Muitos casais procuram ajuda por manifestarem conflitos na sua relação conjugal. Entende-se, aqui, a “relação conjugal” como sendo qualquer relação que se caracteriza pelo desejo manifestado de uma união entre os pares. A busca de auxílio nesta área resulta, muitas vezes, na observância da interferência (declarada ou implícita) das figuras parentais e da posição que o cônjuge possivelmente ainda ocupa em sua família de origem. É exatamente aí que reside a maior dificuldade apresentada por muitos casais que se sentem invadidos em sua privacidade e, com isso, não autorizados a viver, de fato, uma relação afetiva com o seu parceiro. Uma das possíveis causas é o vínculo que ainda se mantém com as famílias de origem numa relação de dependência ou subserviência (sujeição).
Outro exemplo é quando os pais do casal, numa relação disfuncional, mantêm seus filhos aprisionados e a serviço de suas motivações, muitas vezes, inconscientes. Como não se trata de uma avenida de mão única, podemos também compreender que os filhos – nesta posição – acreditam obter, obviamente, ganhos secundários. O “pagamento” ou o ganho secundário pode vir através da busca do amor e do reconhecimento de sua função na tríade estabelecida. Na verdade, permanecem nesta condição tentando ocupar um lugar na família buscando sentimento de pertencimento e inclusão. Entretanto, a frustração por não conseguirem tal feito torna-se inevitável.
Freqüentemente me deparo com filhos que vivenciaram fortemente o sentimento de rejeição e a falta de validação de uma das figuras parentais (pais), causando-lhes sérios problemas de auto-estima e insegurança. Colocam-se a serviço da neurose conjugal de seus pais na tentativa de reparar a rejeição, acreditando obter a atenção, o amor e o reconhecimento através do desempenho demonstrados na tríade.
O fato é que tentar constituir uma nova família mantendo-se aliançado a outra, implica na dificuldade de entregar-se na relação que pretendem dar continuidade. É preciso, contudo, divorciar-se dessa dinâmica familiar para poder assumir a relação desejada. E para que este divórcio possa acontecer, os filhos precisam entrar em contato com o “real”, enxergando suas famílias e as relações mantidas como são de fato. Todavia, enxergar os pais reais – e não àqueles idealizados – também pode levar a um sofrimento emocional por perceberem a trama a qual foram envolvidos ou permitiram que assim fosse.
Para divorciarem-se das famílias de origem é necessário entrar em contato com a própria rejeição que sofreram e o lugar que nunca ocuparam na família.

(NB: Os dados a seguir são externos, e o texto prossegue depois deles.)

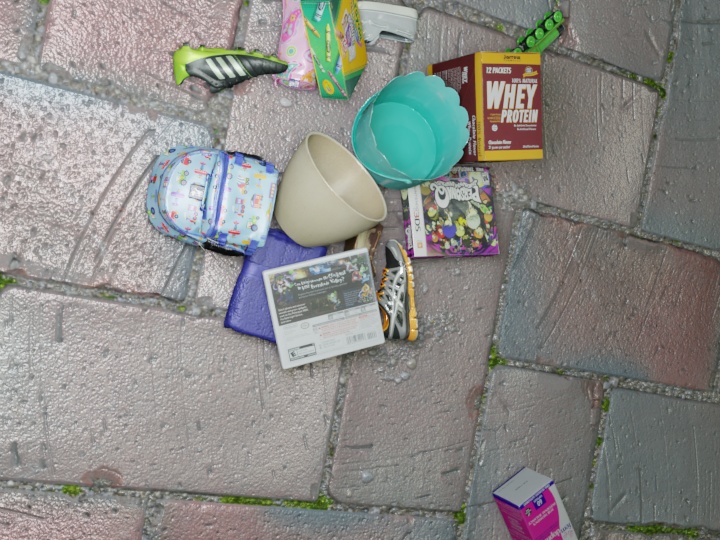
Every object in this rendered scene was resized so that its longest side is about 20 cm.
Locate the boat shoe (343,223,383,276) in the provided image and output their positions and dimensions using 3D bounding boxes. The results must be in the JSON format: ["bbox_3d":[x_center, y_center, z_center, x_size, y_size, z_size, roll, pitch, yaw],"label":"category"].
[{"bbox_3d":[0.000,0.000,1.714,0.072,0.072,0.202,16,81,-24],"label":"boat shoe"}]

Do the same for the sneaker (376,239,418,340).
[{"bbox_3d":[0.064,0.040,1.746,0.077,0.078,0.202,-6,90,-5],"label":"sneaker"}]

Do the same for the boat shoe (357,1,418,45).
[{"bbox_3d":[0.021,-0.459,1.688,0.199,0.070,0.072,-3,93,-27],"label":"boat shoe"}]

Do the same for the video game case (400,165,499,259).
[{"bbox_3d":[0.176,-0.116,1.789,0.199,0.036,0.183,-2,82,-25],"label":"video game case"}]

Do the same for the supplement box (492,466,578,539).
[{"bbox_3d":[0.378,0.539,1.917,0.101,0.103,0.201,-31,108,-21],"label":"supplement box"}]

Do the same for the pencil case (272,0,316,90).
[{"bbox_3d":[-0.110,-0.425,1.621,0.087,0.087,0.202,6,92,-26],"label":"pencil case"}]

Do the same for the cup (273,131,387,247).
[{"bbox_3d":[-0.071,-0.124,1.609,0.200,0.201,0.143,39,115,-23],"label":"cup"}]

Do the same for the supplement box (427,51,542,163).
[{"bbox_3d":[0.236,-0.306,1.730,0.132,0.200,0.199,-5,96,-25],"label":"supplement box"}]

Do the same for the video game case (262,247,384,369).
[{"bbox_3d":[-0.066,0.068,1.643,0.198,0.023,0.183,-13,100,-14],"label":"video game case"}]

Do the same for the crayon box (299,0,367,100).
[{"bbox_3d":[-0.044,-0.418,1.589,0.201,0.058,0.119,77,27,-46],"label":"crayon box"}]

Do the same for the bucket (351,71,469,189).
[{"bbox_3d":[0.087,-0.252,1.679,0.206,0.135,0.209,4,79,-19],"label":"bucket"}]

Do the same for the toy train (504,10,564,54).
[{"bbox_3d":[0.356,-0.465,1.867,0.200,0.042,0.057,-43,120,-17],"label":"toy train"}]

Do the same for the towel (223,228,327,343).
[{"bbox_3d":[-0.157,0.028,1.655,0.147,0.050,0.201,19,86,-18],"label":"towel"}]

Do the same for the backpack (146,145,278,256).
[{"bbox_3d":[-0.258,-0.127,1.545,0.199,0.134,0.184,16,86,-23],"label":"backpack"}]

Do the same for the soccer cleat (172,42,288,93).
[{"bbox_3d":[-0.226,-0.349,1.571,0.198,0.068,0.082,3,105,-7],"label":"soccer cleat"}]

Dizer não a estes papéis de sujeição e anulação também pode trazer alívio e uma nova possibilidade de se relacionar consigo mesmo e com o outro. Do contrário, os filhos permanecerão alvo de manipulações e chantagens emocionais originárias de seus antepassados. Há, portanto, apenas uma saída: enxergar sua verdadeira função na família de origem, fazendo a escolha mais adequada que diz respeito aos seus verdadeiros desejos e as suas reais necessidades, visando assegurar a concretização de seu Projeto de vida.
Cabe destacar que nem sempre essa tarefa – que consiste na separação-individuação – é tão simples assim de se cumprir. Muitos precisam de auxílio terapêutico para que o resultado seja alcançado.
Também é importante destacar que existe diferença entre escolha conjugal e escolha afetiva. Normalmente a primeira escolha é muito mais racionalizada (em busca do par ideal) enquanto na segunda a escolha se mostra muito mais fundamentada no afeto do casal. Obviamente que a primeira escolha implica num risco alto para o casal, já que a mesma se mostra parentalizada, ou seja, baseada em figuras parentais substitutas na tentativa de suprir as carências do passado. Não obstante, os casais mais conscientes, quando se deparam com o contrato firmado numa relação de parentela, acabam por sofrer a dolorosa falta em relação ao desejo de estabelecer uma relação homem-mulher de fato. O filme baseado no livro “Divâ”, de Martha Medeiros, mostra bem essas duas facetas no processo da escolha conjugal. A personagem Mercedes arrepende-se de ter casado com um “pai-substituto” e vai em busca de novas aventuras. Vale a pena conferir!
De tudo, resta-nos o alento de sempre encontrarmos uma saída para os nossos dilemas, buscando, sobretudo, o nosso bem-estar e a nossa realização pessoal.